Not to mix a metaphor, but drawing a gun against an attacker is a double-edged sword. On one hand, aiming a firearm at a bad guy (or guys) has been known to have a decidedly demoralizing effect (on the perp). Firing bullets into a person posing an imminent, credible and lethal threat increases that effect, dramatically. On the other hand, guns tend to piss off the bad guy. For some reason, they don’t want to get shot. So, like you, they focus their aggression on the guy with the gun. You. And guess what? First responders with a badge have a similar response. There’s no getting around it: armed civilians are bullet magnets. So the last thing you want . . .
is to be left holding the baby, while holding a gun, in a gunfight.
I know; you don’t know what you’re going to do in a gunfight. Unlike Mssrs. Nugent and Beck, I realize that all violent incidents have their own pace, nature, geography, dangers and opportunities. You can no more predict the exact progress of a violent attack than you can its eventual outcome.
If holding a baby while shooting at a bad guy—with either aimed or suppressive fire—is what needs doing, do it. Perhaps there’s no one else to schlep the sprog and a ballistic offense is the best maybe even only defense. Who knows?
When it comes to a defensive gun use (DGU), you and yours either live or die.
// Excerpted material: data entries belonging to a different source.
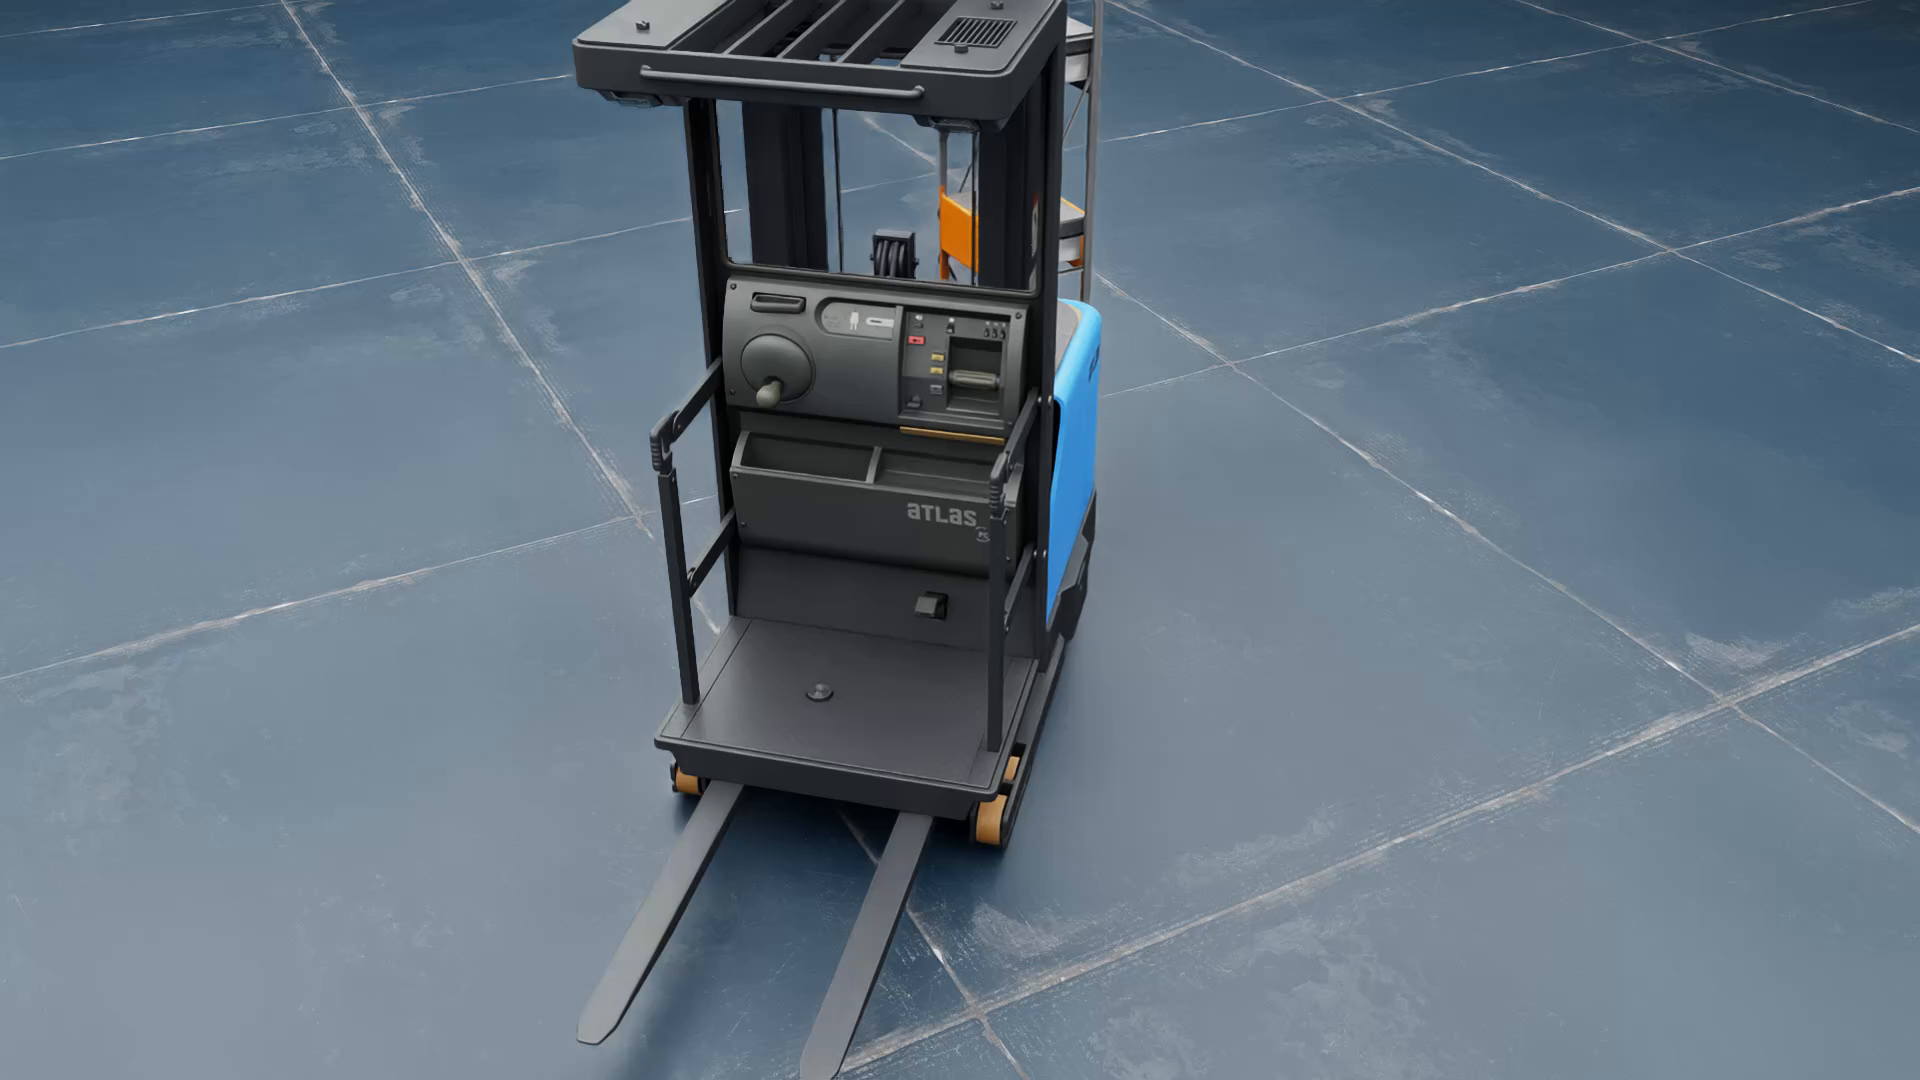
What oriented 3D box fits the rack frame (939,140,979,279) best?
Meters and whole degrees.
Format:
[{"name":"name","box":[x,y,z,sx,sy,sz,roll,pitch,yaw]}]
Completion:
[{"name":"rack frame","box":[0.097,-1.235,6.731,0.400,2.100,0.015,-16,36,-24]}]

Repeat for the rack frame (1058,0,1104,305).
[{"name":"rack frame","box":[0.331,-1.003,6.370,0.400,2.100,0.015,-16,36,-24]}]

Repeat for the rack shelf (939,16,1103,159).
[{"name":"rack shelf","box":[0.214,-1.697,6.180,0.431,0.518,0.480,-16,36,-24]}]

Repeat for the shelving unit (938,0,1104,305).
[{"name":"shelving unit","box":[0.214,-1.119,6.550,0.431,2.100,0.503,-16,36,-24]}]

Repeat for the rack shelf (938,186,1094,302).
[{"name":"rack shelf","box":[0.214,-1.108,6.558,0.431,0.518,0.480,-16,36,-24]}]

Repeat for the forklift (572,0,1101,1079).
[{"name":"forklift","box":[-0.312,-0.499,4.813,1.130,2.935,3.031,7,33,12]}]

Second guessing your gunfighting or GTFO strategy is a luxury best savored alive.
That said, there are certain battle-tested general rules which are worth programming into your subconscious mind. Aim for center mass. Move for cover and/or concealment. Keep fighting. And, most importantly, GTFO. And GTFA (Get the F Away) from your family if you draw your gun.
Mr. Volk’s poster makes at least one excellent point: “if you take a bullet for your children who would safeguard them from then on?” Only that’s an excellent reason NOT to draw your gun, NOT to engage the bad guy/active shooter and NOT to try to be a hero. Remember? Bullet magnet.
[I’m a little confused how an innocent victim of a spree killer is a martyr. Wikipedia tells is that a martyr is “somebody who suffers persecution and death for refusing to renounce, or accept, a belief or cause, usually religious.” In fact, you could say that someone who engages in an unnecessary gunfight—who dies as a result—is a martyr. Nothing wrong with that. Just sayin’ . . .]
But if you DO draw your gun it is imperative that you GTFA from your loved ones, lest they become collateral damage. And the best way to make sure that happens is to warn them about the possibility.
I’ve said it to my eight-year-old straight out: “If I ever draw my gun move away from me as fast as you can.” I’ve taught her to go for cover or concealment and the difference between the two. And even before that, she learned the rabbi’s first law of communal situational awareness: “If I say ‘leave now’ we leave now.”
Don’t be fooled by wishful thinking promoted by armchair warriors and pistol-packing pundits. The best you can do: train yourself with some general principles to deal with violent encounters and hope they kick in as and when. But the most important of these is clear: the further away your family gets away from a gunfight, the faster they do so, the better.